Not discussing money openly with your kids is a wrong turn, says CUNA director of youth outreach Phil Heckman: "Parents make a huge mistake when they're not sharing decisions about what to do with limited income. And everyone has a limited income, it's just at different levels."

Heckman believes one of the best ways parents can teach kids about money is to talk openly about their own financial decisions. "There's a lot you can share with kids about how you make decisions. If you don't do that, you're ignoring the opportunity to teach and model."

Madison-based personal financial counselor Connie Kilmark feels that parents need to clarify their own values in the process of providing financial education to their children -- just as with sex education. "It's all about values," says Kilmark. "What is important? What are my beliefs?"

Kids will rejoice in the fact that both Kilmark and Heckman advocate allowance-giving that is unconnected to grades, chores or behavior. Kilmark explains why kids must be given an allowance in order to learn about money: "It's the cradle of teaching. It is to money education what food is to nutrition education. You can't teach kids about money if they don't have any."

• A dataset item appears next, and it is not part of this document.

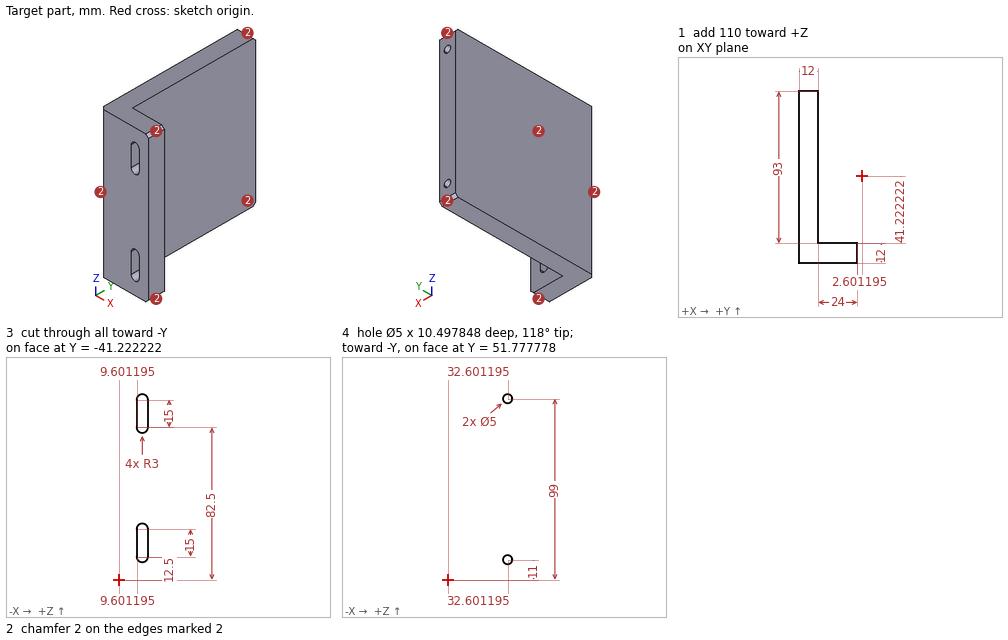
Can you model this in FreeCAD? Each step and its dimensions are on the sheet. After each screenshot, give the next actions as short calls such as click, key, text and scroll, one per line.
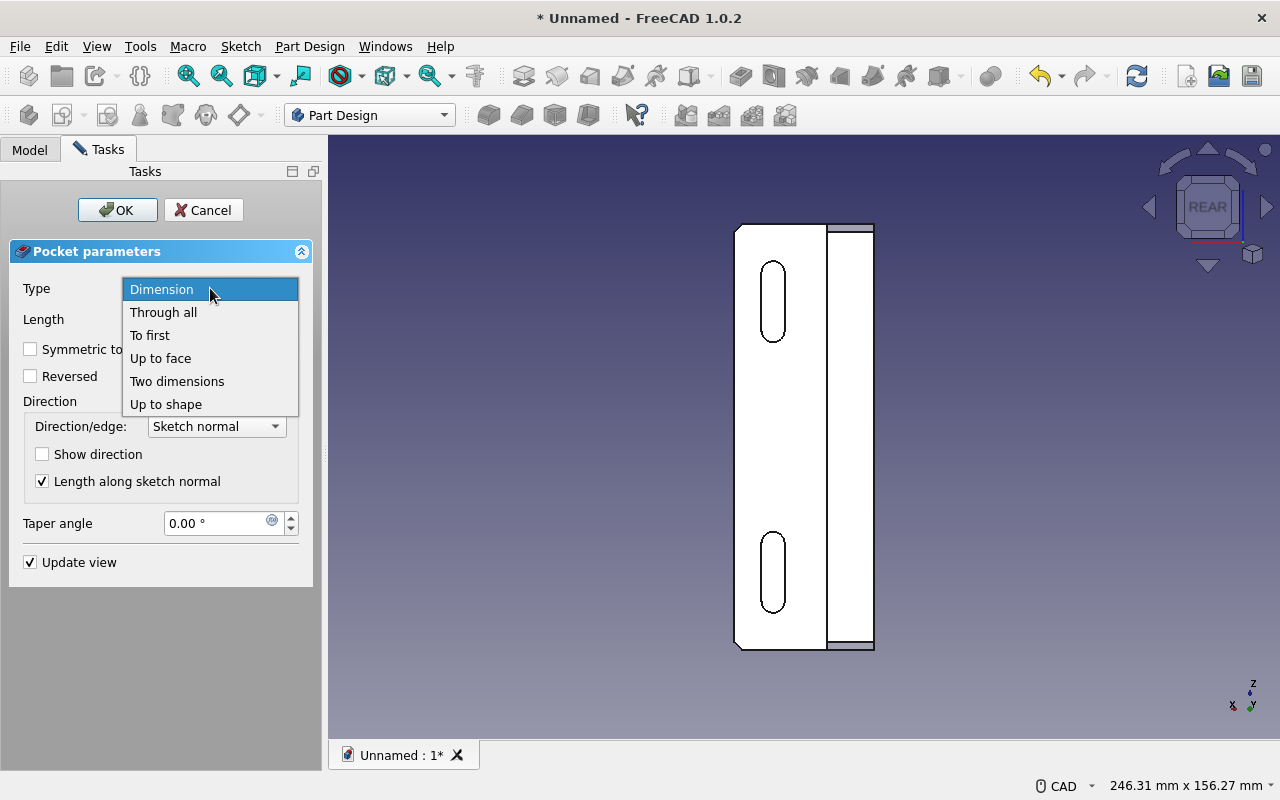
click(208, 312)

But why not connect the money to work done by the child? After all, adults have to work for pay. Both Kilmark and Heckman are adamant that allowances should not be contingent on anything. Otherwise money "gets all tangled up in disapproval and unhappiness," explains Kilmark. Heckman agrees that having the allowance hinged on chores "introduces a contingency that interferes with learning. Getting into power struggles with kids over money can be as destructive as having a four-hour standoff over a serving of green beans."

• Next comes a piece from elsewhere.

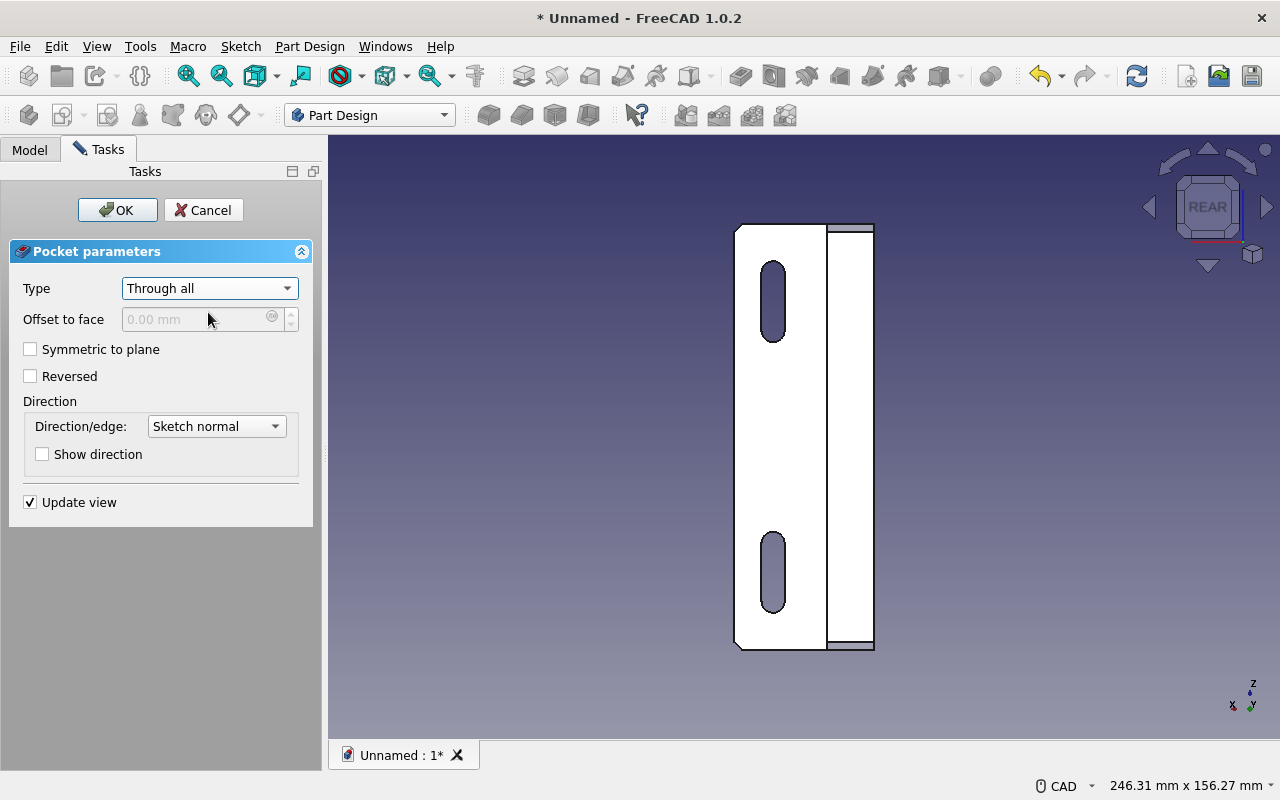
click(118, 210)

Both instead believe that kids should be expected to do age-appropriate chores, not for money, but simply because it is an expectation. Failure to complete those chores should instead be punished with loss of privileges. Otherwise, parents are likely to find that children will often simply choose to forgo allowance in order to avoid helping around the house.

Similarly, withholding money to punish a child for misbehavior teaches the wrong sort of lesson. Kilmark explains it this way: "We don't want money to be [seen as] the universal solvent that dissolves all difficulties."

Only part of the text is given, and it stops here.